A robust Hotelling test statistic for one sample case in high dimensional data


Bulut H.

COMMUNICATIONS IN STATISTICS-THEORY AND METHODS, cilt.52, sa.13, ss.4590-4604, 2023 (SCI-Expanded) identifier identifier

  • Yayın Türü: Makale / Tam Makale
  • Cilt numarası: 52 Sayı: 13
  • Basım Tarihi: 2023
  • Doi Numarası: 10.1080/03610926.2021.1996606
  • Dergi Adı: COMMUNICATIONS IN STATISTICS-THEORY AND METHODS
  • Derginin Tarandığı İndeksler: Science Citation Index Expanded (SCI-EXPANDED), Scopus, Academic Search Premier, Business Source Elite, Business Source Premier, CAB Abstracts, Compendex, Veterinary Science Database, zbMATH, Civil Engineering Abstracts
  • Sayfa Sayıları: ss.4590-4604
  • Anahtar Kelimeler: Robust Hotelling test statistic, one-sample Hotelling test, high-dimensional data, minimum regularized covariance estimators, shrinkage-based diagonal Hotelling test, MVTests, MEAN VECTOR, FEWER OBSERVATIONS, SIZE
  • Ondokuz Mayıs Üniversitesi Adresli: Evet

Özet

The Hotelling T-2 statistic is used to test the hypothesis about the location parameter of multivariate Gaussian distribution, and it is significantly sensitive to outliers.

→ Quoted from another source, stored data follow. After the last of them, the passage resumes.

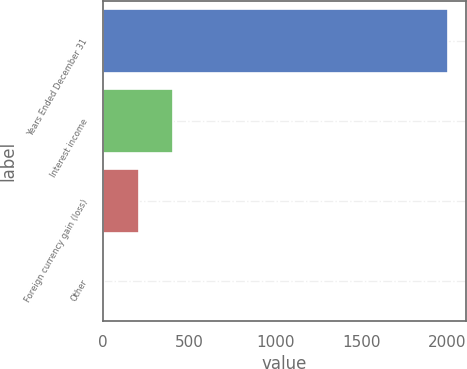Convert chart to OTSL. <chart><loc_0><loc_0><loc_500><loc_500><bar_chart><fcel>Years Ended December 31<fcel>Interest income<fcel>Foreign currency gain (loss)<fcel>Other<nl><fcel>2005<fcel>409<fcel>209.5<fcel>10<nl></chart> 
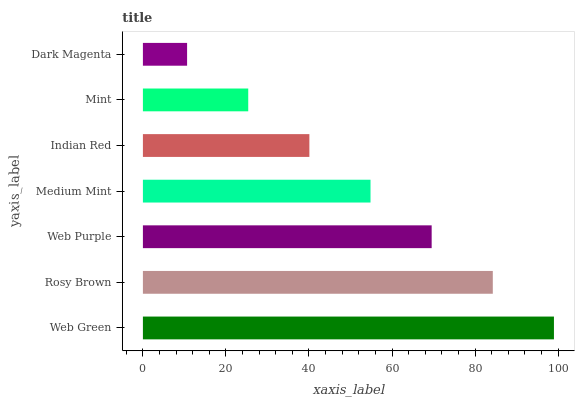Is Dark Magenta the minimum?
Answer yes or no. Yes. Is Web Green the maximum?
Answer yes or no. Yes. Is Rosy Brown the minimum?
Answer yes or no. No. Is Rosy Brown the maximum?
Answer yes or no. No. Is Web Green greater than Rosy Brown?
Answer yes or no. Yes. Is Rosy Brown less than Web Green?
Answer yes or no. Yes. Is Rosy Brown greater than Web Green?
Answer yes or no. No. Is Web Green less than Rosy Brown?
Answer yes or no. No. Is Medium Mint the high median?
Answer yes or no. Yes. Is Medium Mint the low median?
Answer yes or no. Yes. Is Mint the high median?
Answer yes or no. No. Is Mint the low median?
Answer yes or no. No. 
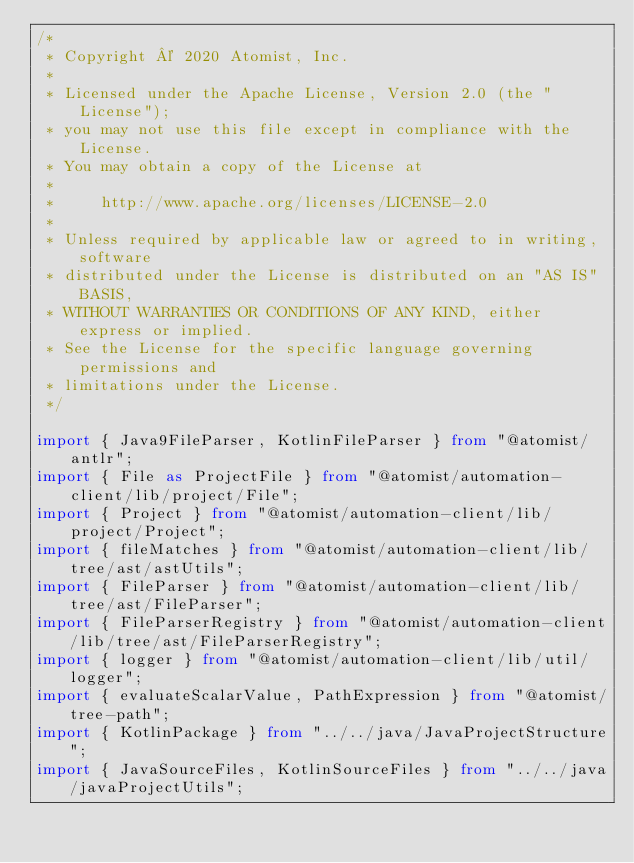Convert code to text. <code><loc_0><loc_0><loc_500><loc_500><_TypeScript_>/*
 * Copyright © 2020 Atomist, Inc.
 *
 * Licensed under the Apache License, Version 2.0 (the "License");
 * you may not use this file except in compliance with the License.
 * You may obtain a copy of the License at
 *
 *     http://www.apache.org/licenses/LICENSE-2.0
 *
 * Unless required by applicable law or agreed to in writing, software
 * distributed under the License is distributed on an "AS IS" BASIS,
 * WITHOUT WARRANTIES OR CONDITIONS OF ANY KIND, either express or implied.
 * See the License for the specific language governing permissions and
 * limitations under the License.
 */

import { Java9FileParser, KotlinFileParser } from "@atomist/antlr";
import { File as ProjectFile } from "@atomist/automation-client/lib/project/File";
import { Project } from "@atomist/automation-client/lib/project/Project";
import { fileMatches } from "@atomist/automation-client/lib/tree/ast/astUtils";
import { FileParser } from "@atomist/automation-client/lib/tree/ast/FileParser";
import { FileParserRegistry } from "@atomist/automation-client/lib/tree/ast/FileParserRegistry";
import { logger } from "@atomist/automation-client/lib/util/logger";
import { evaluateScalarValue, PathExpression } from "@atomist/tree-path";
import { KotlinPackage } from "../../java/JavaProjectStructure";
import { JavaSourceFiles, KotlinSourceFiles } from "../../java/javaProjectUtils";</code> 
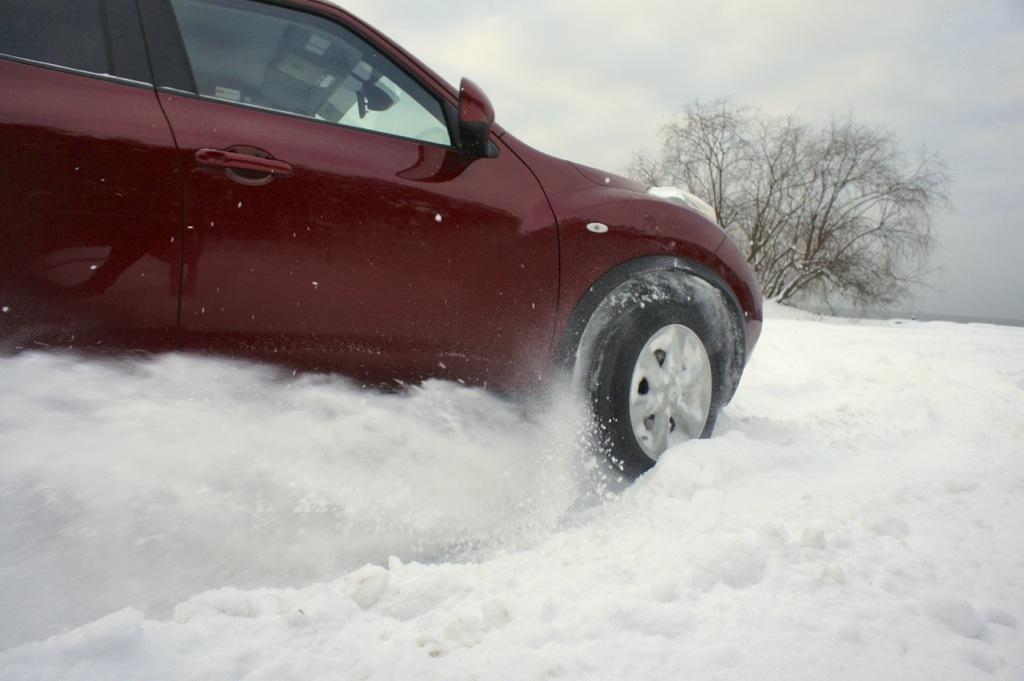How would you summarize this image in a sentence or two? In this image we can see a car on the land covered with snow. In the background, we can see a tree and the sky. 
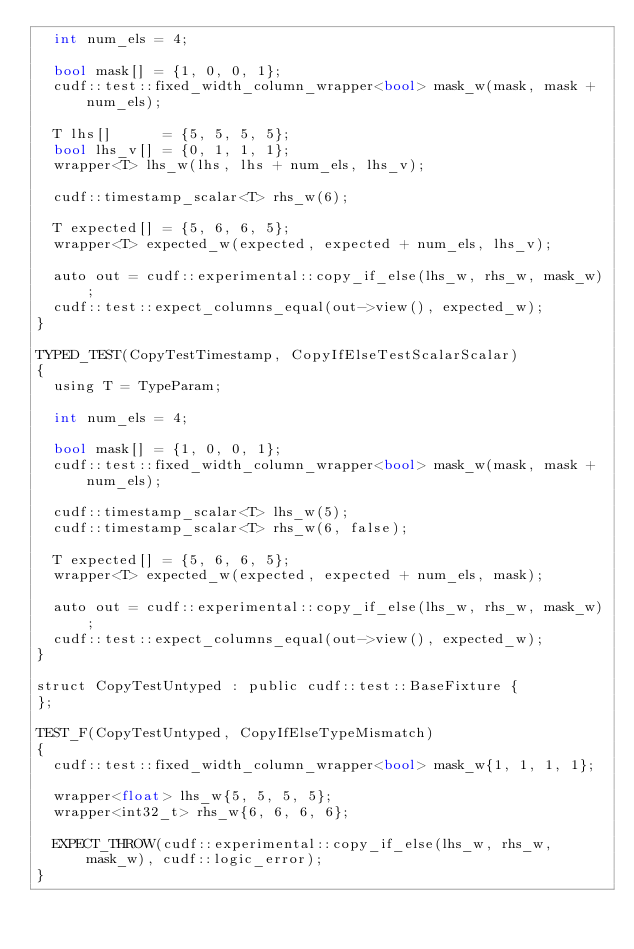<code> <loc_0><loc_0><loc_500><loc_500><_Cuda_>  int num_els = 4;

  bool mask[] = {1, 0, 0, 1};
  cudf::test::fixed_width_column_wrapper<bool> mask_w(mask, mask + num_els);

  T lhs[]      = {5, 5, 5, 5};
  bool lhs_v[] = {0, 1, 1, 1};
  wrapper<T> lhs_w(lhs, lhs + num_els, lhs_v);

  cudf::timestamp_scalar<T> rhs_w(6);

  T expected[] = {5, 6, 6, 5};
  wrapper<T> expected_w(expected, expected + num_els, lhs_v);

  auto out = cudf::experimental::copy_if_else(lhs_w, rhs_w, mask_w);
  cudf::test::expect_columns_equal(out->view(), expected_w);
}

TYPED_TEST(CopyTestTimestamp, CopyIfElseTestScalarScalar)
{
  using T = TypeParam;

  int num_els = 4;

  bool mask[] = {1, 0, 0, 1};
  cudf::test::fixed_width_column_wrapper<bool> mask_w(mask, mask + num_els);

  cudf::timestamp_scalar<T> lhs_w(5);
  cudf::timestamp_scalar<T> rhs_w(6, false);

  T expected[] = {5, 6, 6, 5};
  wrapper<T> expected_w(expected, expected + num_els, mask);

  auto out = cudf::experimental::copy_if_else(lhs_w, rhs_w, mask_w);
  cudf::test::expect_columns_equal(out->view(), expected_w);
}

struct CopyTestUntyped : public cudf::test::BaseFixture {
};

TEST_F(CopyTestUntyped, CopyIfElseTypeMismatch)
{
  cudf::test::fixed_width_column_wrapper<bool> mask_w{1, 1, 1, 1};

  wrapper<float> lhs_w{5, 5, 5, 5};
  wrapper<int32_t> rhs_w{6, 6, 6, 6};

  EXPECT_THROW(cudf::experimental::copy_if_else(lhs_w, rhs_w, mask_w), cudf::logic_error);
}
</code> 
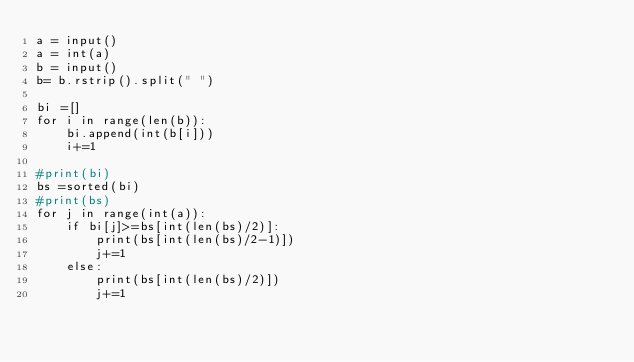<code> <loc_0><loc_0><loc_500><loc_500><_Python_>a = input()
a = int(a)
b = input()
b= b.rstrip().split(" ")

bi =[]
for i in range(len(b)):
    bi.append(int(b[i]))
    i+=1
    
#print(bi)
bs =sorted(bi)
#print(bs)
for j in range(int(a)):
    if bi[j]>=bs[int(len(bs)/2)]:
        print(bs[int(len(bs)/2-1)])
        j+=1
    else:
        print(bs[int(len(bs)/2)])
        j+=1</code>

Also, we cannot calculate it when the sample size is less than the number of variables because this statistic needs the inverse of the covariance matrix, and the sample covariance matrix is singular in high dimensional data. Although a new approach, based on shrinkage estimation, was proposed to solve this singularity problem, this estimator is still sensitive to outliers. On the other hand, a robust one sample Hotelling T-2 statistic was proposed by using the minimum covariance determinant (MCD) estimates instead of classical ones. Since the MCD estimates cannot be calculated when n < p, this statistic cannot be used in high-dimensional data. This study proposes to use the minimum regularized covariance determinant (MRCD) estimator instead of classical or MCD. The MRCD estimator is a robust location and scatter estimator, which can be calculated in high-dimensional data. We obtain the asymptotic distribution of the proposed test statistic using Monte Carlo simulations and examine the power and robustness properties of the test statistic with simulated datasets. As a result, we show that the approximate distribution of the test statistic is proper, and the proposed robust test statistic can be used to test the hypothesis about the location parameter of contaminated high dimensional data. Finally, we construct an R function in the MVTests package to perform our proposed test statistic.